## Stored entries
********************
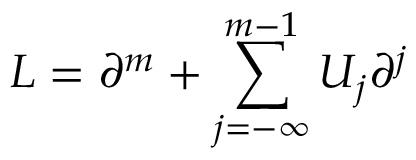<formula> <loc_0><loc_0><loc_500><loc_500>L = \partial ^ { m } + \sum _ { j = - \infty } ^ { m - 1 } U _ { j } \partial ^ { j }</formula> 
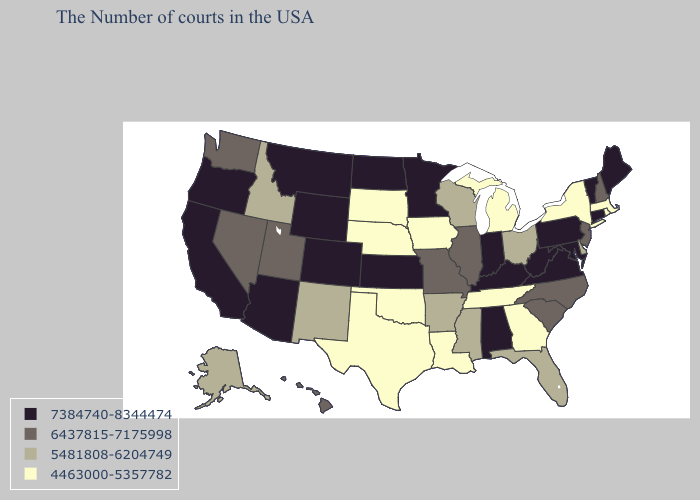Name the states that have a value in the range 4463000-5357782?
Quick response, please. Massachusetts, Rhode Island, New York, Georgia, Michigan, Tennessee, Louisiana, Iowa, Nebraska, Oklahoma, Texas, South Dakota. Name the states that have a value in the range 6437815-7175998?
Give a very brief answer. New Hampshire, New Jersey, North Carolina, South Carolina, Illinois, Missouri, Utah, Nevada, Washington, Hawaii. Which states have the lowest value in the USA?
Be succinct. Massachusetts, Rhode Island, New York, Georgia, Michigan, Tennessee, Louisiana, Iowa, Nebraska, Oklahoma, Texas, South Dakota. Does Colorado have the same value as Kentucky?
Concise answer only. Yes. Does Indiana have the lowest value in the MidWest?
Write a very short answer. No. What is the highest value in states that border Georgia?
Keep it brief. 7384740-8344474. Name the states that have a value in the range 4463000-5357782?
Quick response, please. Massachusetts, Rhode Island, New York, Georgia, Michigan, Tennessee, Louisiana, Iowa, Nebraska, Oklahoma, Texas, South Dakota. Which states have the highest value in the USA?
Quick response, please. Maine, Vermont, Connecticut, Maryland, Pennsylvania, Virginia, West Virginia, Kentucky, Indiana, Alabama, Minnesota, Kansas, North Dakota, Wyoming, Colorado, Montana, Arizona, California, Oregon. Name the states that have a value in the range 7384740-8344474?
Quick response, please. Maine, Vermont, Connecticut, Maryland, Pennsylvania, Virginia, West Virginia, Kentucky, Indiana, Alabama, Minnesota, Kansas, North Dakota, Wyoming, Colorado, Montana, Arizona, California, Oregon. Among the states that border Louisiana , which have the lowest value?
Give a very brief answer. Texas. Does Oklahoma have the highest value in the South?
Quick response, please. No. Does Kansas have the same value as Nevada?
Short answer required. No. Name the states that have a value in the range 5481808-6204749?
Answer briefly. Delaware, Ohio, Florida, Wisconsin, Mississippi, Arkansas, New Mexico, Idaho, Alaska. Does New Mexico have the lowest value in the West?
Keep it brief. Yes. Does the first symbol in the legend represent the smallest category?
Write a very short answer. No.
********************
## Your goal
What you print must match the entries exactly, except that no pictures appear.

## Response to the task
<formula> <loc_0><loc_0><loc_500><loc_500>L = \partial ^ { m } + \sum _ { j = - \infty } ^ { m - 1 } U _ { j } \partial ^ { j }</formula> 
Name the states that have a value in the range 4463000-5357782?
Quick response, please. Massachusetts, Rhode Island, New York, Georgia, Michigan, Tennessee, Louisiana, Iowa, Nebraska, Oklahoma, Texas, South Dakota. Name the states that have a value in the range 6437815-7175998?
Give a very brief answer. New Hampshire, New Jersey, North Carolina, South Carolina, Illinois, Missouri, Utah, Nevada, Washington, Hawaii. Which states have the lowest value in the USA?
Be succinct. Massachusetts, Rhode Island, New York, Georgia, Michigan, Tennessee, Louisiana, Iowa, Nebraska, Oklahoma, Texas, South Dakota. Does Colorado have the same value as Kentucky?
Concise answer only. Yes. Does Indiana have the lowest value in the MidWest?
Write a very short answer. No. What is the highest value in states that border Georgia?
Keep it brief. 7384740-8344474. Name the states that have a value in the range 4463000-5357782?
Quick response, please. Massachusetts, Rhode Island, New York, Georgia, Michigan, Tennessee, Louisiana, Iowa, Nebraska, Oklahoma, Texas, South Dakota. Which states have the highest value in the USA?
Quick response, please. Maine, Vermont, Connecticut, Maryland, Pennsylvania, Virginia, West Virginia, Kentucky, Indiana, Alabama, Minnesota, Kansas, North Dakota, Wyoming, Colorado, Montana, Arizona, California, Oregon. Name the states that have a value in the range 7384740-8344474?
Quick response, please. Maine, Vermont, Connecticut, Maryland, Pennsylvania, Virginia, West Virginia, Kentucky, Indiana, Alabama, Minnesota, Kansas, North Dakota, Wyoming, Colorado, Montana, Arizona, California, Oregon. Among the states that border Louisiana , which have the lowest value?
Give a very brief answer. Texas. Does Oklahoma have the highest value in the South?
Quick response, please. No. Does Kansas have the same value as Nevada?
Short answer required. No. Name the states that have a value in the range 5481808-6204749?
Answer briefly. Delaware, Ohio, Florida, Wisconsin, Mississippi, Arkansas, New Mexico, Idaho, Alaska. Does New Mexico have the lowest value in the West?
Keep it brief. Yes. Does the first symbol in the legend represent the smallest category?
Write a very short answer. No.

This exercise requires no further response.